Chrysothrix candelaris, commonly known as the mustard powder lichen or gold dust lichen, is a species of leprose (powdery) lichen in the family Chrysothricaceae. It typically grows on tree bark, although it has also been recorded growing on rock. It does not show ascocarps or other reproductive structures, belonging to the group commonly known as the 'Fungi or lichens imperfecti' in the UK.

Distribution 
This lichen is widespread and common in the United Kingdom, where it occurs on the bark of deciduous trees, especially rugged old specimens, such as sycamore, alder, oak, willow, beech, and pine species, normally in dry shaded parts. and occasionally on the sheltered faces of siliceous rocks.
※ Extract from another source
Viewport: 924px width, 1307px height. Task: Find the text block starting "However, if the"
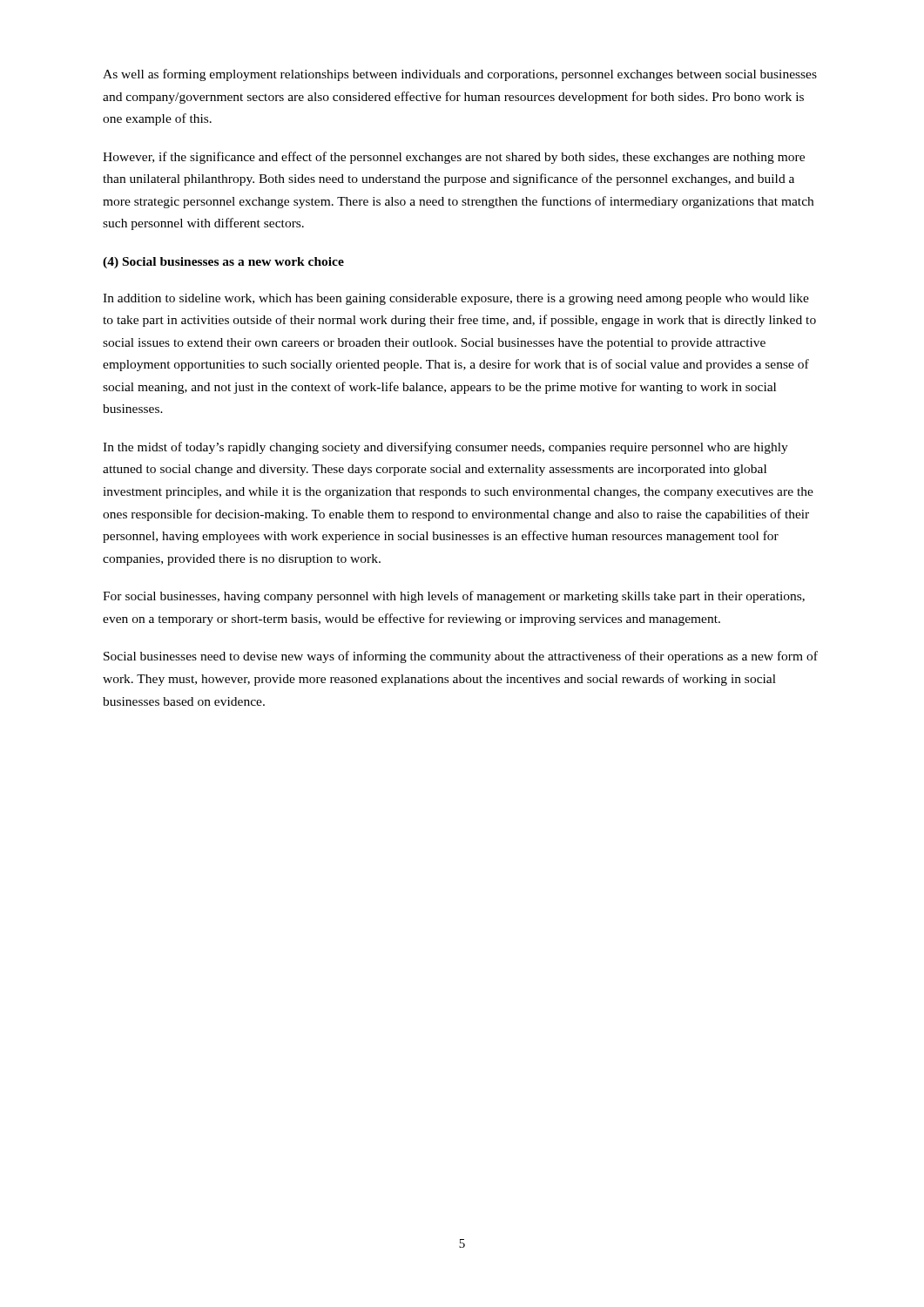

It is found in North America, Scotland, Hungary, Iran, Latvia and has been recorded in the Cape Verde Islands.

Description
As suggested by its name, C. candelaris is bright yellow, orange-yellow, or greenish-yellow.  It has a powdery (leprose) appearance, a superficial thallus and lacks apothecia and isidia. Because its thallus is made entirely of powdery soredia that covers the substrate like a crust, Chrysothrix candelaris is a leprose lichen.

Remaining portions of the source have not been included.